Long- and short-term time series forecasting of air quality by a multi-scale framework
- PMID: 33421843
- DOI: 10.1016/j.envpol.2020.116381
Long- and short-term time series forecasting of air quality by a multi-scale framework
Abstract
Air quality forecasting for Hong Kong is a challenge. Even taking the advantages of auto-regressive integrated moving average and some state-of-the-art numerical models, a recently-developed hybrid method for one-day (two- and three-day) ahead forecasting performs similarly to (slightly better than) a simple persistence forecasting. Long-term forecasting also remains an important issue, especially for policy decision for better control of air pollution and for evaluation of the long-term impacts on public health. Given the well-recognized negative effects of PM2.5, NO2 and O3 on public health, we study their time series under the multi-scale framework with empirical mode decomposition and nonstationary oscillation resampling to explore the possibility of long-term forecasting and to improve short-term forecasts in Hong Kong. Applied to a dataset from January 2016 to December 2018, the long-term forecasting (with lead time about 100 days) of the multi-scale framework has the root-mean-square error (RMSE) comparable with that of the short-term (with lead time of one or two days) forecasting by the persistence method, while its improvement for short-term forecasting (with lead time of one, two or three days) is quite substantial over the persistence forecasting, with RMSEs reduced by respectively 44%-47%, 30%-45%, and 40%-60% for PM2.5, NO2, and O3. Compared to the hybrid method, it turns out that, for short-term forecasting for the same data, the multi-scale framework can reduce RMSE by about 25% (respectively 30%) for PM2.5 (respectively NO2 and O3). In addition, we find no significant difference in the forecasting performance of the multi-scale framework among different types of stations. The multi-scale framework is feasible for time series forecasting and applicable to other pollutants in other cities.

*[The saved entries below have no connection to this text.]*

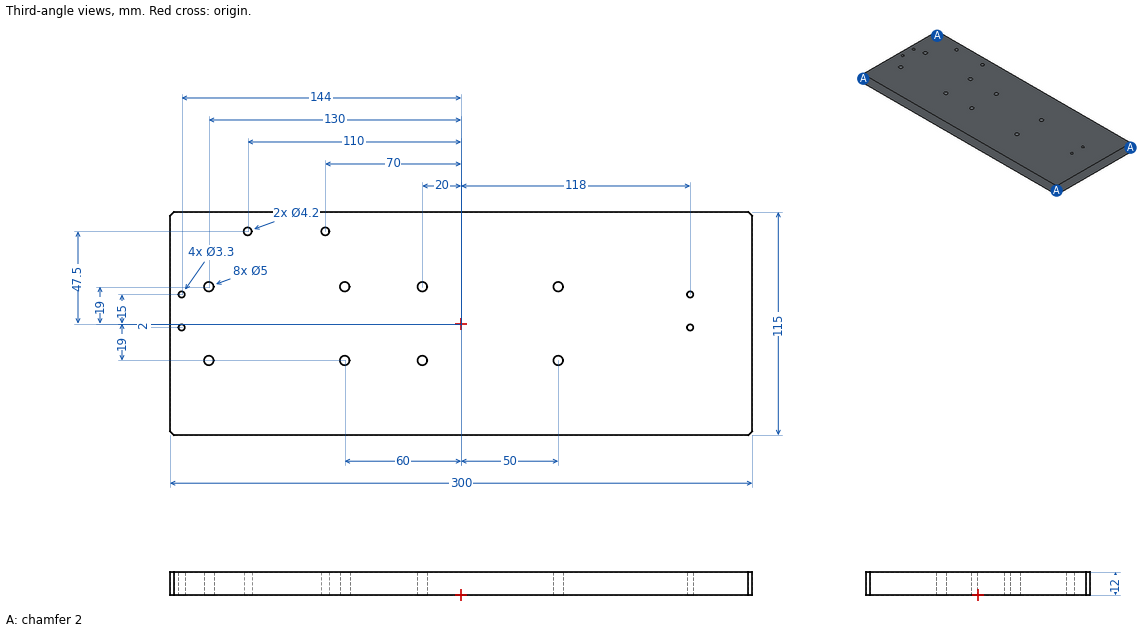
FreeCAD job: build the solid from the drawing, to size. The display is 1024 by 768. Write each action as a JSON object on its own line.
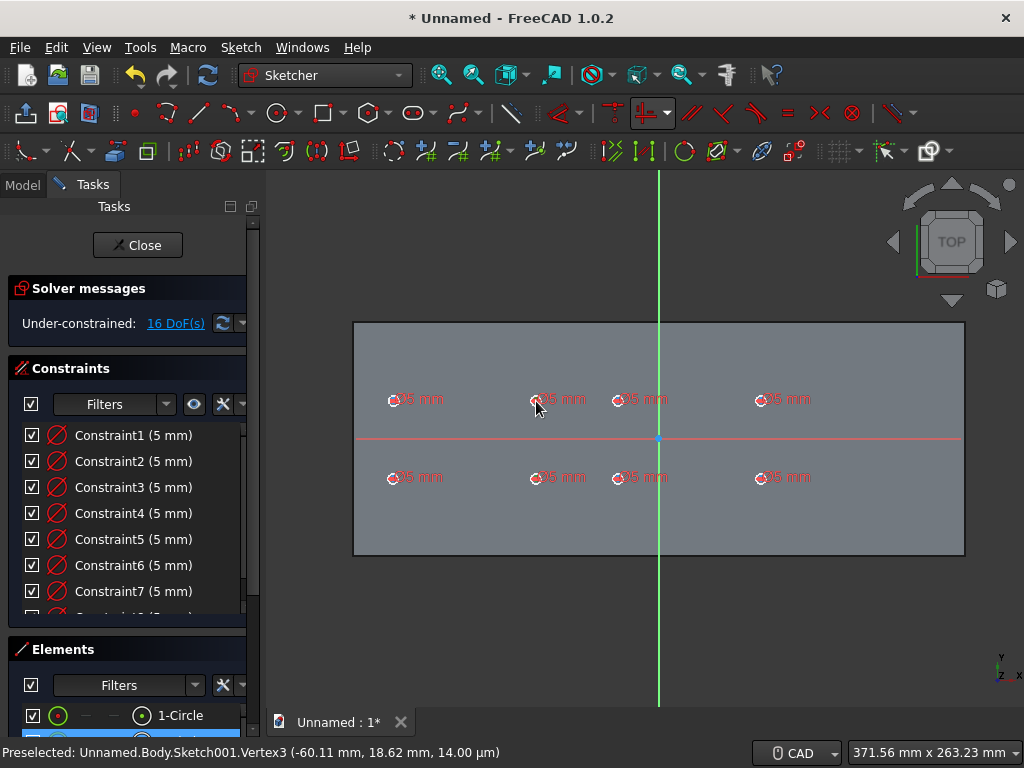
{"action": "left_click", "coordinate": [670, 114]}
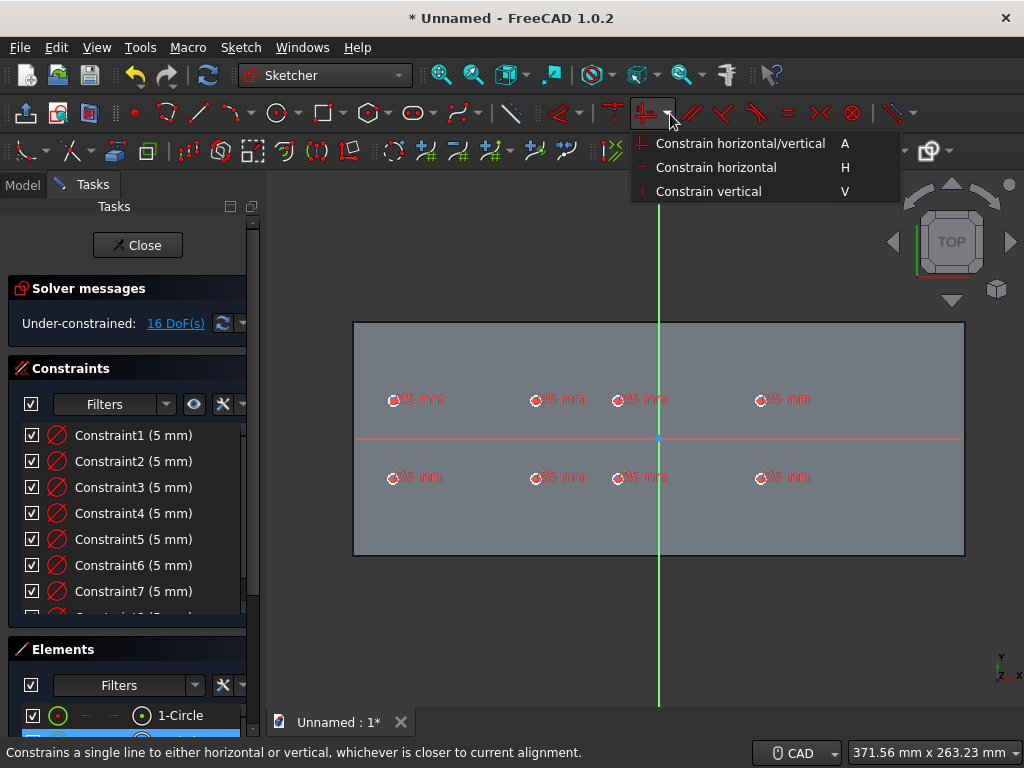
{"action": "left_click", "coordinate": [766, 191]}
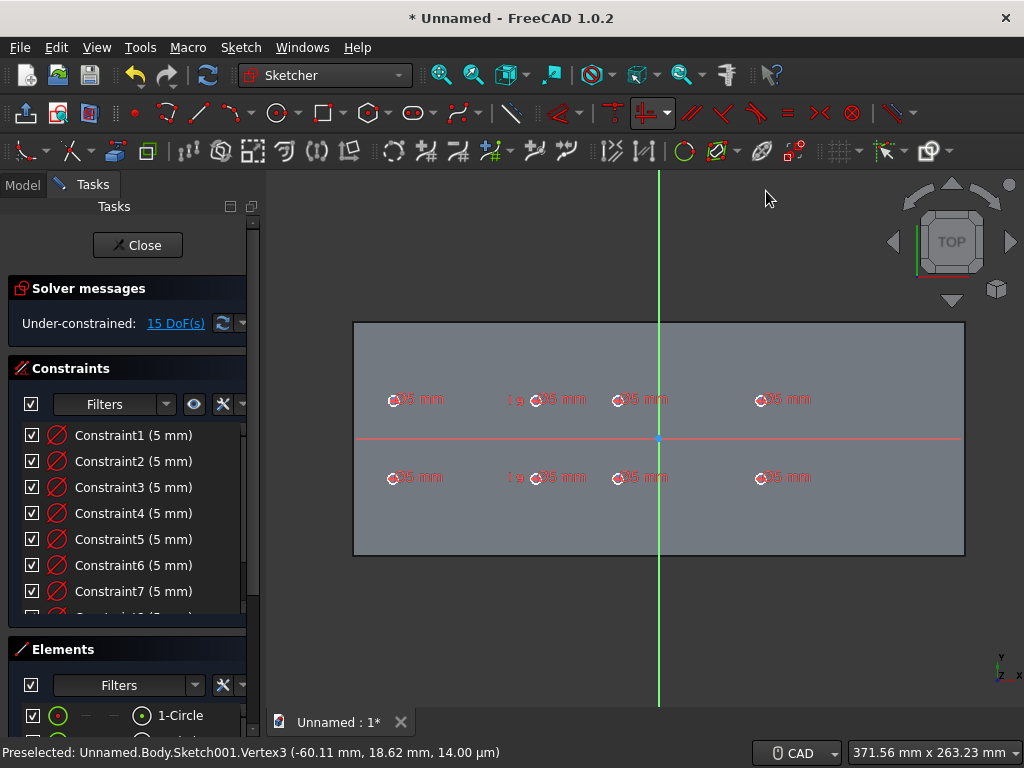
{"action": "left_click", "coordinate": [394, 401]}
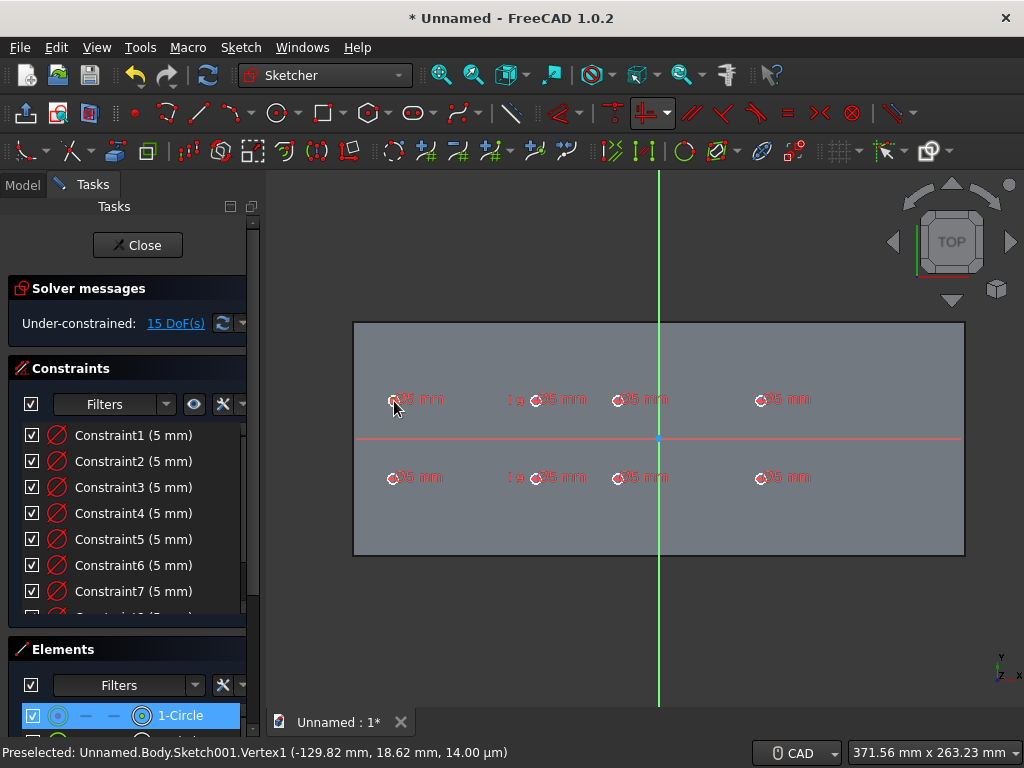
{"action": "left_click", "coordinate": [536, 401]}
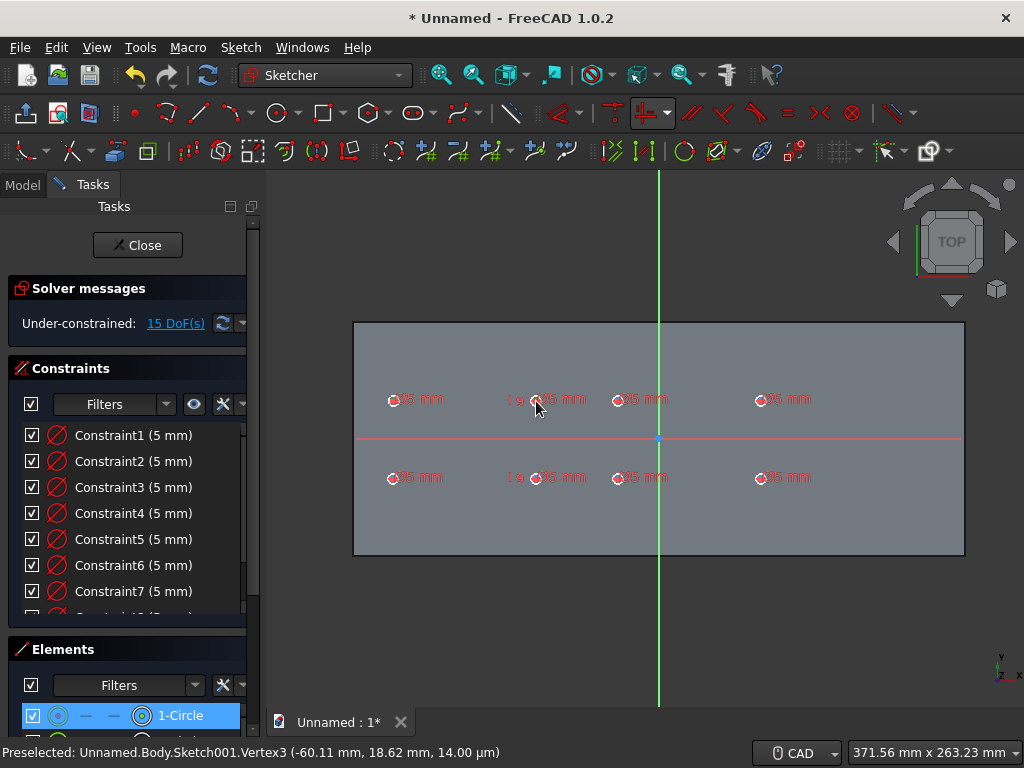
{"action": "left_click", "coordinate": [670, 114]}
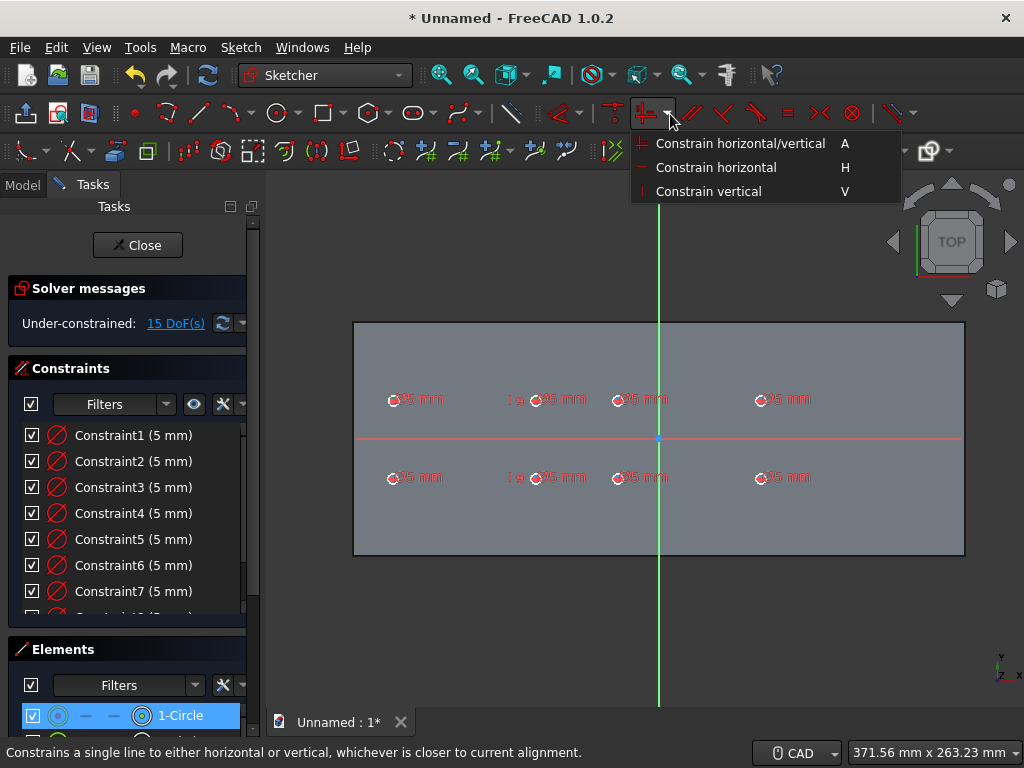
{"action": "left_click", "coordinate": [766, 167]}
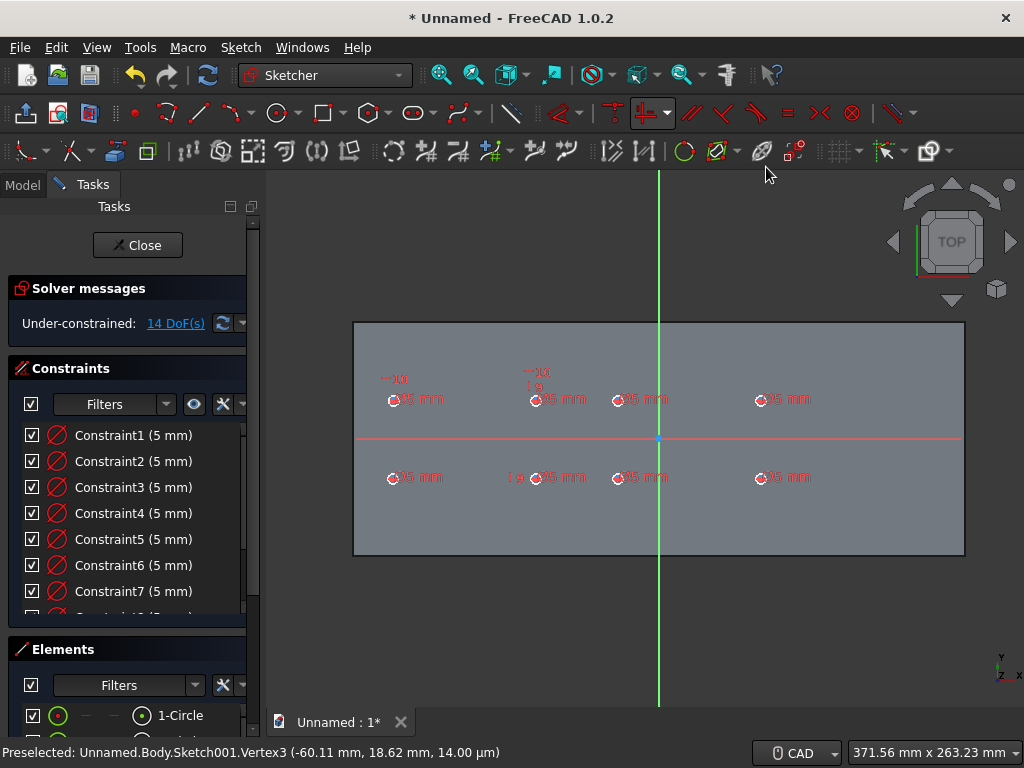
{"action": "left_click", "coordinate": [394, 401]}
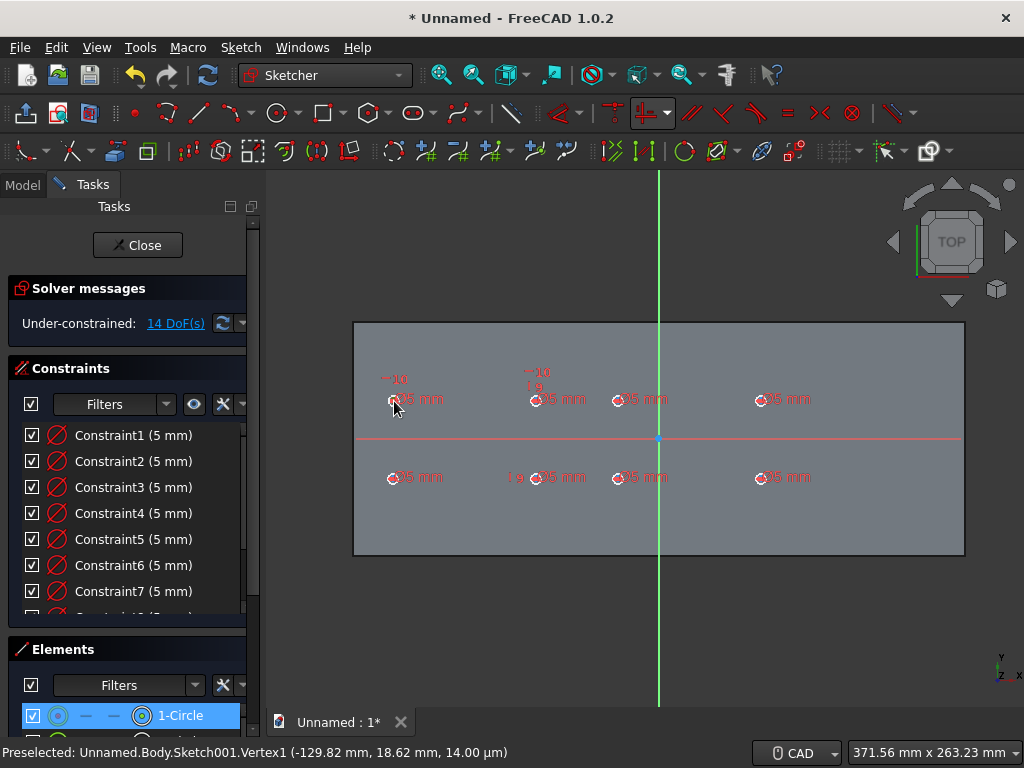
{"action": "left_click", "coordinate": [393, 479]}

Keywords: Air quality; Long-term forecasting; Multi-scale analysis; Nonstationary oscillation resampling; Short-term forecasting.
Copyright © 2020 Elsevier Ltd. All rights reserved.
Conflict of interest statement
Declaration of competing interest The authors declare that they have no known competing financial interests or personal relationships that could have appeared to influence the work reported in this paper.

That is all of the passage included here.